Thirteen years ago I had hip replacement surgery, while working as a psychiatric hospital chaplain. A chaplain associate, while visiting me in my six-week convalescence asked, “why don’t you do something useful with your time and write a book for the spiritual care of the patients?” This challenge began a writing career in earnest. I wrote a devotional book based on the psalms to help our hospital ministry. Four years ago I took this loose-leaf resource to a Christian publisher, Caritas, eventually producing my first book. A devotional based on the Psalms, Great is God’s Faithfulness, was published and is now used by my former psychiatric multi-hospital employer for spiritual care groups, as well as in other settings.

 Allowing me to pursue this broader calling that God has given and gifted me as teacher and writer has been wonderful and joyful beyond expectation. Although I have taught at the university level in two settings, I never imagined that God would use this training to call me to teach and write in a new way.  I must admit that I had come to actually detest writing when completing my Master’s thesis in healthcare administration. It had been a painful challenge in every way. However, one bright light in it was my having sought the consultation of a professional writer as editor and guide. Although this cost me dearly, the language professor was engaging and brought me to my first real understanding of critical writing skills. Later I would write pamphlets and books for a nationally renowned healthcare consulting group. Now God is utilizing all this in guiding me to write multi-media Christian books and  blog (www.greatisgodsfaithfulness.com) for teaching and preaching, and reaching the whole world for Christ.
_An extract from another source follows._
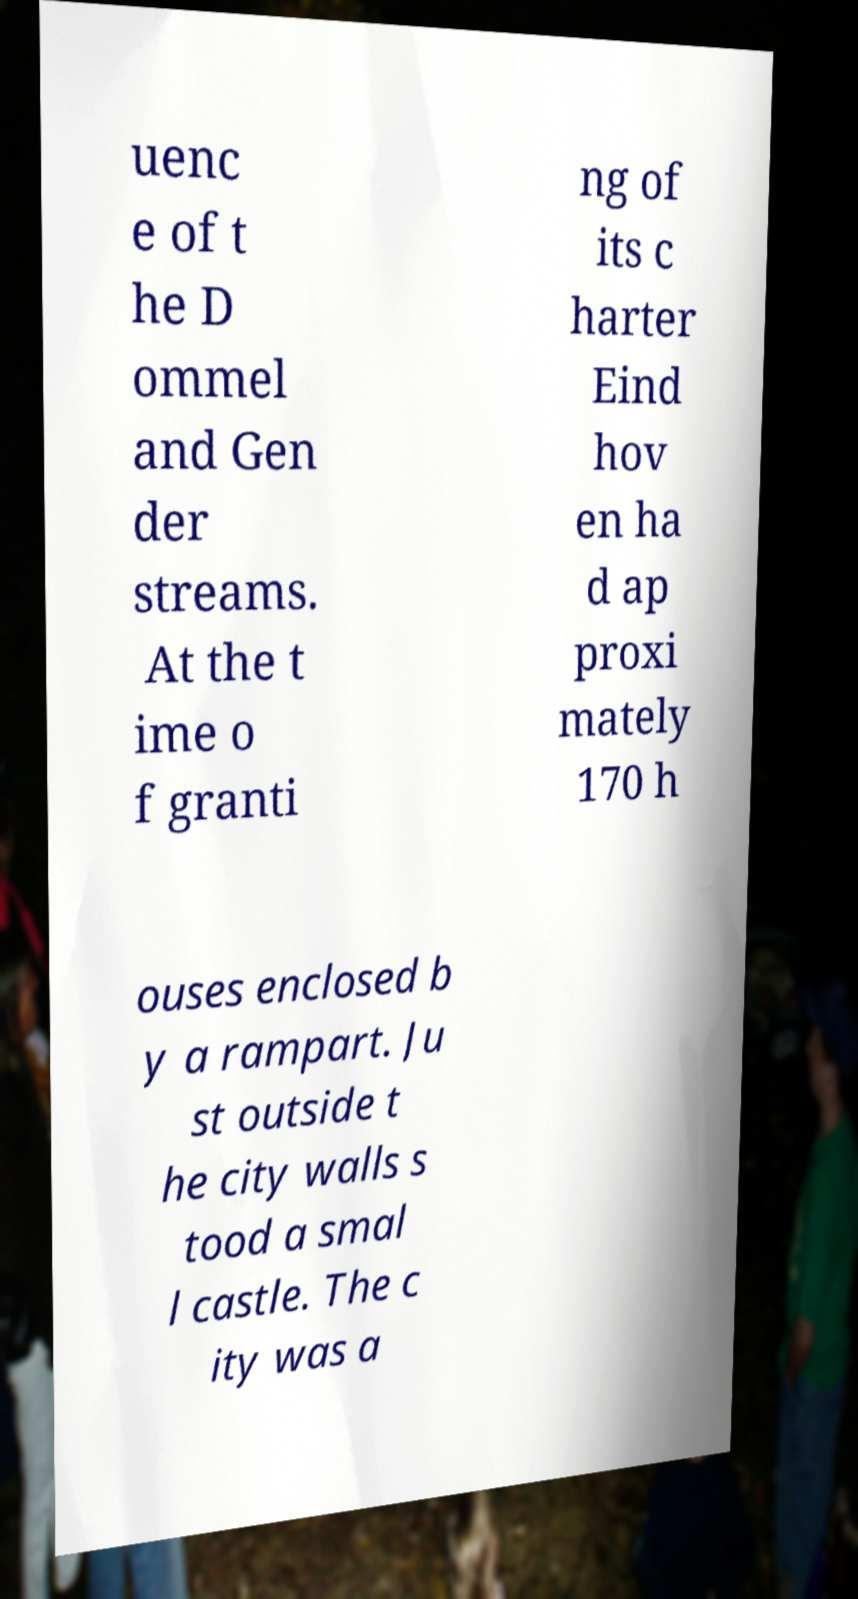Could you assist in decoding the text presented in this image and type it out clearly? uenc e of t he D ommel and Gen der streams. At the t ime o f granti ng of its c harter Eind hov en ha d ap proxi mately 170 h ouses enclosed b y a rampart. Ju st outside t he city walls s tood a smal l castle. The c ity was a 
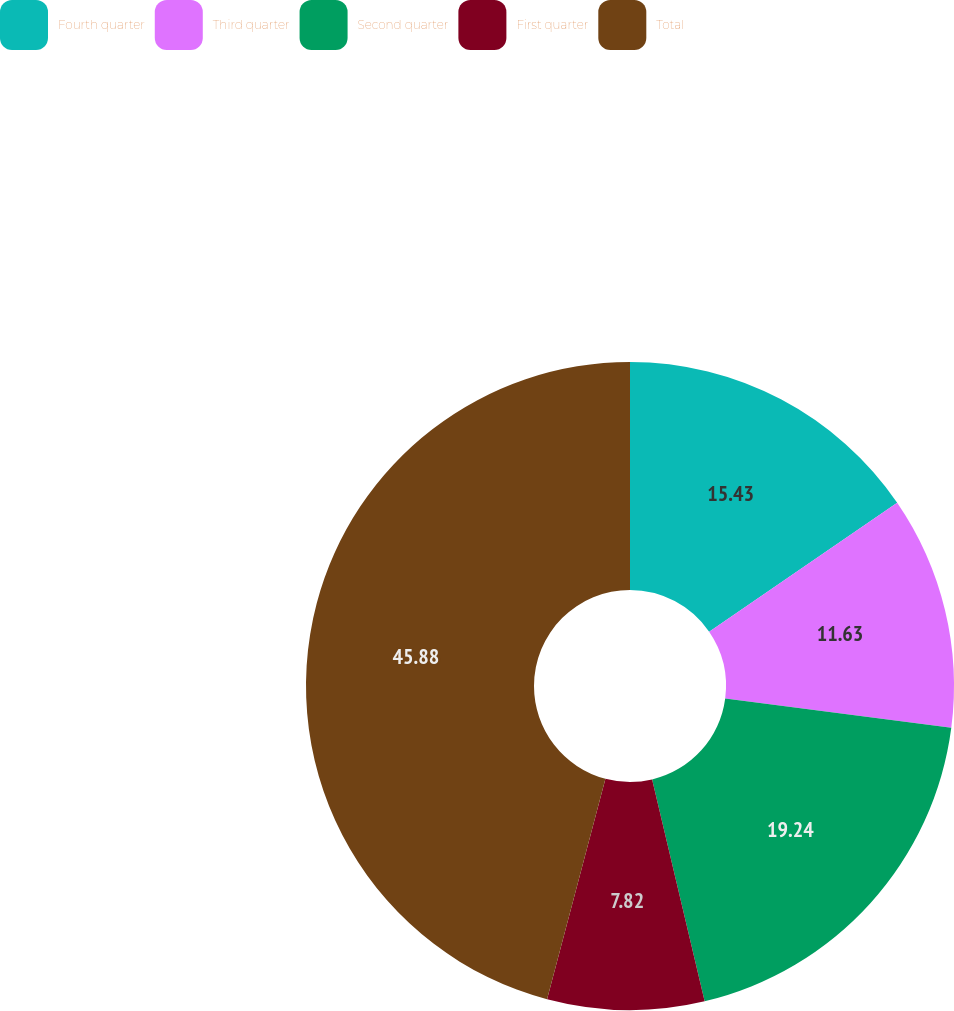Convert chart to OTSL. <chart><loc_0><loc_0><loc_500><loc_500><pie_chart><fcel>Fourth quarter<fcel>Third quarter<fcel>Second quarter<fcel>First quarter<fcel>Total<nl><fcel>15.43%<fcel>11.63%<fcel>19.24%<fcel>7.82%<fcel>45.88%<nl></chart>

The more than 20,000 readers are from around the world with Ukraine, Russian, and Indian readers among the dozens of countries reading and listening. I don’t know who is translating, but God. What a joy.

I began this essay referencing C.S. Lewis on Joy. I will end with his book A Grief Observed, telling the story of his friendship and eventual love story and marriage to Joy Davidman, a then Jewish American. This woman contracted a fatal cancer that took them through a very deep journey of suffering together. He more than anyone I have read writes about joy and suffering coexisting in love. When Joy died, he expressed that, “grief felt like fear.” He described feeling a blanket like sensation like fear, irreversible and irrevocable, irrecoverable and irretrievable, even unimaginable.  He felt forsaken by God. He talked about God hurting, only to heal. Bereavement is an integral part of love, and sorrow is not a state but a process with recurrences. “But by praising I can still, in some degree enjoy her, and in some degree, enjoy Him.” He spoke of the mystical reunion and the fruition of God. Lewis came to a place of God’s love where he could enjoy Him.

I have come to a place through trials and triumph, suffering and surprise to where I can now claim joy. I have left sadness and even happiness in the circumstances of my life. I now know that joy is a person too. Joy is Christ in me, the hope of glory. I am coming with Lewis and Nehemiah and James to a place where I can claim, “The joy of the Lord is my strength” (Nehemiah 8:10).